Financial planners, in particular, are typically in the best position to navigate these issues because much of this information is usually within their files as part of their “know your client” duty. Because estate planning conversations are about events at a future point in time, the estate planning process is very much within the paradigm of the financial planning process. That is, it is directed towards developing a documented strategy of achieving the client’s long-term future goals relating to the happening of an inevitable future event – disability and death!
The most common misconceptions and barriers raised by planners entering this market are that an estate planning service is either a legal activity that affords limited participation, that they are not skilled at having estate planning conversations with their clients or that there are no revenue opportunities available. As a result, the traditional relationship between the planner, lawyer and client is at best a collaborative arrangement with limited revenue opportunity or at worst a mere referral to a lawyer with no financial benefit or reward to the planner.
In contrast, estate planning facilitation is a carefully prepared and orchestrated process of the adviser project managing and co-ordinating the entire estate planning process directly with their clients and in their offices for which they charge either a separate fee for that service or which is incorporated into a composite annual service fee, charged to their clients. The primary object of this process is not to give advice, but to search out and identify estate planning issues and to motivate clients to embark upon the journey of solving those issues with collaborative legal advice and documentation.
There are a number of online estate planning service models currently in the market. However, they primarily focused on allowing advisers to create and purchase online wills and powers of attorney with the limited opportunity to connect with a lawyer for advice. In reality, these models draw the adviser and their client into the control and domain of the lawyer. Few online systems allow the adviser to navigate and control estate planning conversations in a truly holistic manner from concept to completion and with the ability to uncover unmet estate planning needs within their clients’ affairs.
Those advisers who have moved into the arena of estate planning facilitation have reported charging upfront estate planning fees of between $2,000 and $8,000 per client together with an annual review fee of around $500 per client per annum. In addition, they have reported greater client engagement with the added benefit of picking up new work from family members and business associates who are often brought into the succession and estate planning facilitation process.
Many advisers have also reported better work satisfaction because estate planning facilitation carries no administration or compliance burden, nominal upfront costs to introduce within their practice and no legal responsibility if managed correctly with a competent estate planning lawyer.
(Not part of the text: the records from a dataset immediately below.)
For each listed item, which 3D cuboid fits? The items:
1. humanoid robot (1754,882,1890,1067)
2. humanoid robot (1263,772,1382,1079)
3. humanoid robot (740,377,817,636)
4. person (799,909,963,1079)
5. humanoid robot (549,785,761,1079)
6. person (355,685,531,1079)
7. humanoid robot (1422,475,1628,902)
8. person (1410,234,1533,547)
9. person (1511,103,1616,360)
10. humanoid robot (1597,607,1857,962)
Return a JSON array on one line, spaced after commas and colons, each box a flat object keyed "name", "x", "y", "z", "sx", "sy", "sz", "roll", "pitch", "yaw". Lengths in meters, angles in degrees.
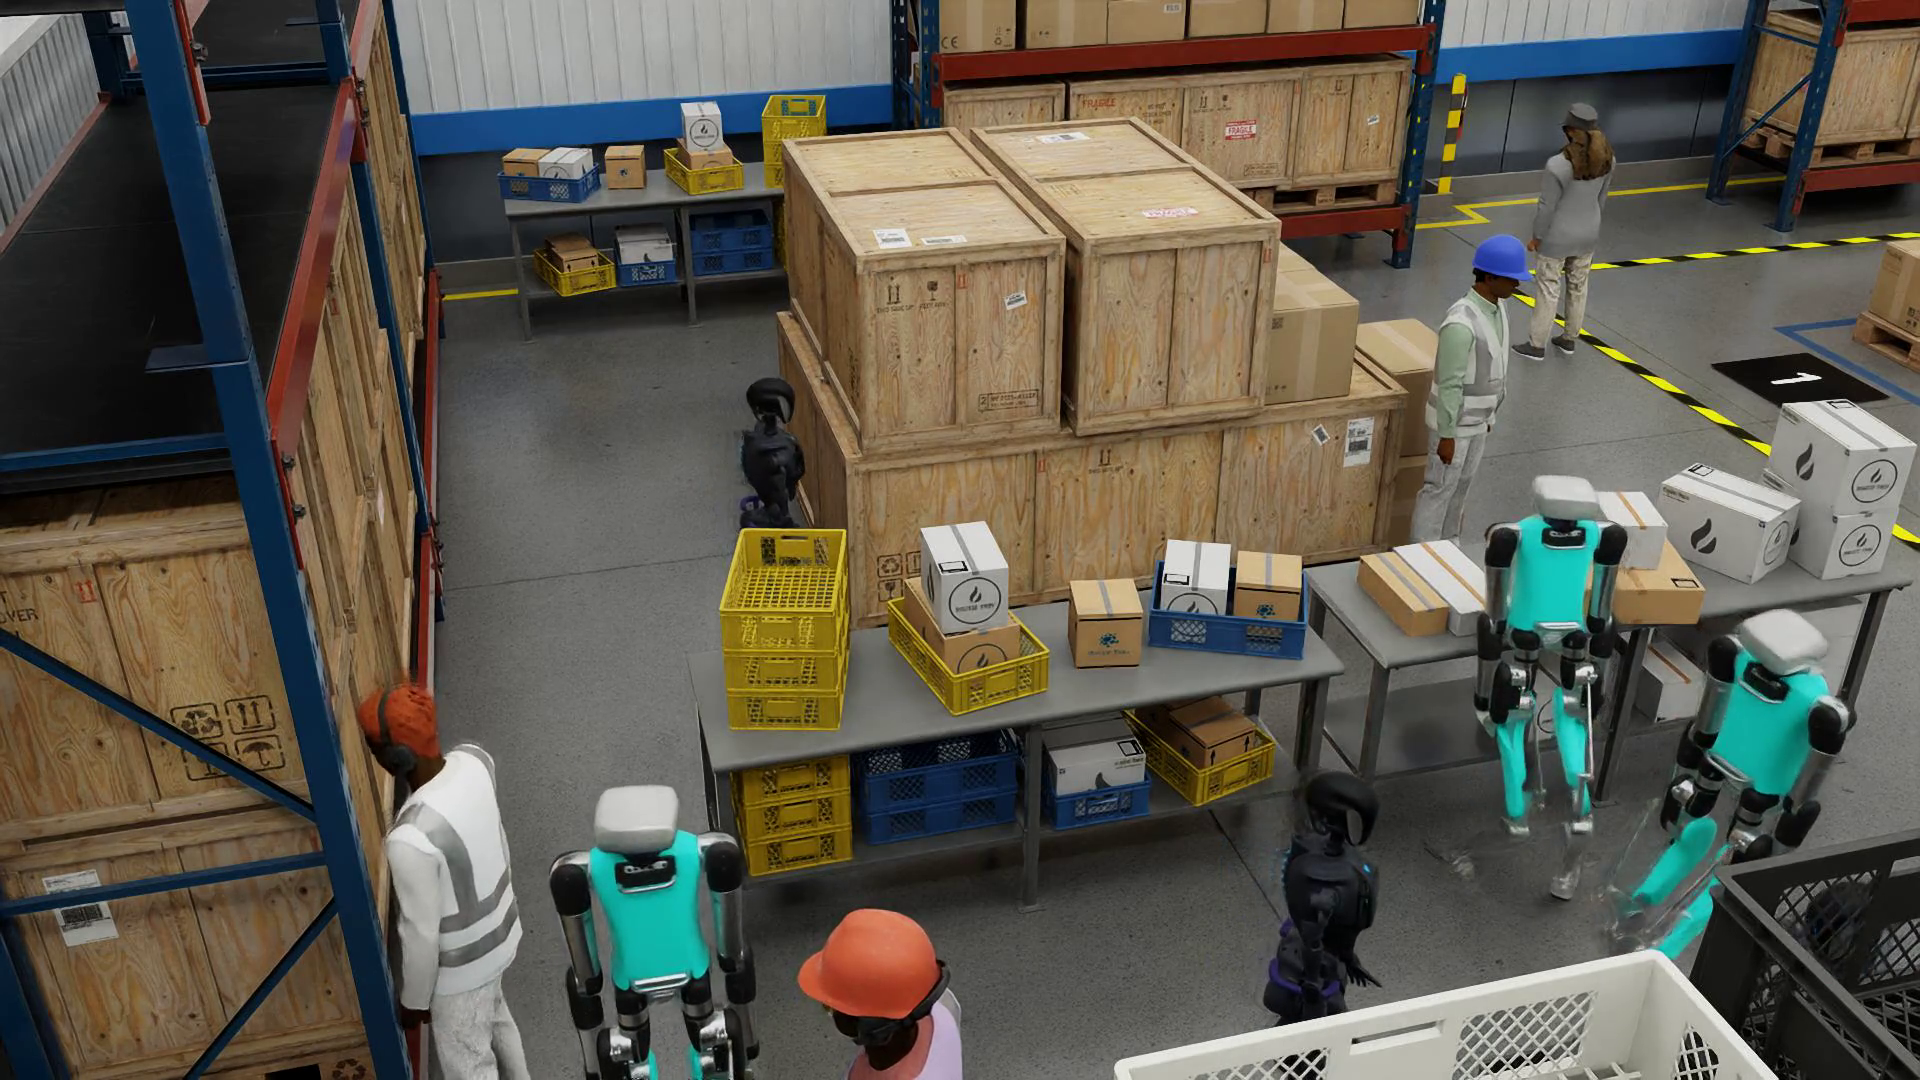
[{"name": "humanoid robot", "x": 2.307, "y": 1.620, "z": 4.725, "sx": 0.633, "sy": 1.637, "sz": 0.603, "roll": -10, "pitch": 30, "yaw": -17}, {"name": "humanoid robot", "x": 1.116, "y": 1.403, "z": 5.099, "sx": 0.347, "sy": 1.648, "sz": 0.597, "roll": 10, "pitch": 30, "yaw": 18}, {"name": "humanoid robot", "x": -0.823, "y": 0.001, "z": 7.657, "sx": 0.452, "sy": 1.650, "sz": 0.597, "roll": -8, "pitch": 30, "yaw": -15}, {"name": "person", "x": -0.180, "y": 1.730, "z": 4.141, "sx": 0.370, "sy": 2.044, "sz": 0.605, "roll": 4, "pitch": 29, "yaw": 7}, {"name": "humanoid robot", "x": -0.812, "y": 1.611, "z": 4.729, "sx": 0.544, "sy": 1.819, "sz": 0.769, "roll": -6, "pitch": 29, "yaw": -10}, {"name": "person", "x": -1.496, "y": 1.293, "z": 5.117, "sx": 0.544, "sy": 1.866, "sz": 0.807, "roll": 1, "pitch": 29, "yaw": 3}, {"name": "humanoid robot", "x": 2.249, "y": 0.692, "z": 6.343, "sx": 0.569, "sy": 1.757, "sz": 0.848, "roll": -1, "pitch": 29, "yaw": -2}, {"name": "person", "x": 2.599, "y": -0.633, "z": 8.539, "sx": 0.412, "sy": 1.939, "sz": 0.602, "roll": 20, "pitch": 35, "yaw": 32}, {"name": "person", "x": 4.143, "y": -2.088, "z": 11.353, "sx": 0.561, "sy": 1.765, "sz": 0.401, "roll": -11, "pitch": 31, "yaw": -19}, {"name": "humanoid robot", "x": 2.412, "y": 1.102, "z": 5.661, "sx": 0.933, "sy": 1.822, "sz": 0.543, "roll": -12, "pitch": 31, "yaw": -21}]

In the current, post-Hayne royal commission environment there is growing drive to press clients away from financial planners and into the arms of institutional investment houses, particularly for non-strategic investment advice. Estate planning facilitation provides the opportunity for advisers to combat this drive and to re-position themselves as truly independent, professional and focused on meeting the best interests of all of their clients’ affairs as part of their wealth management.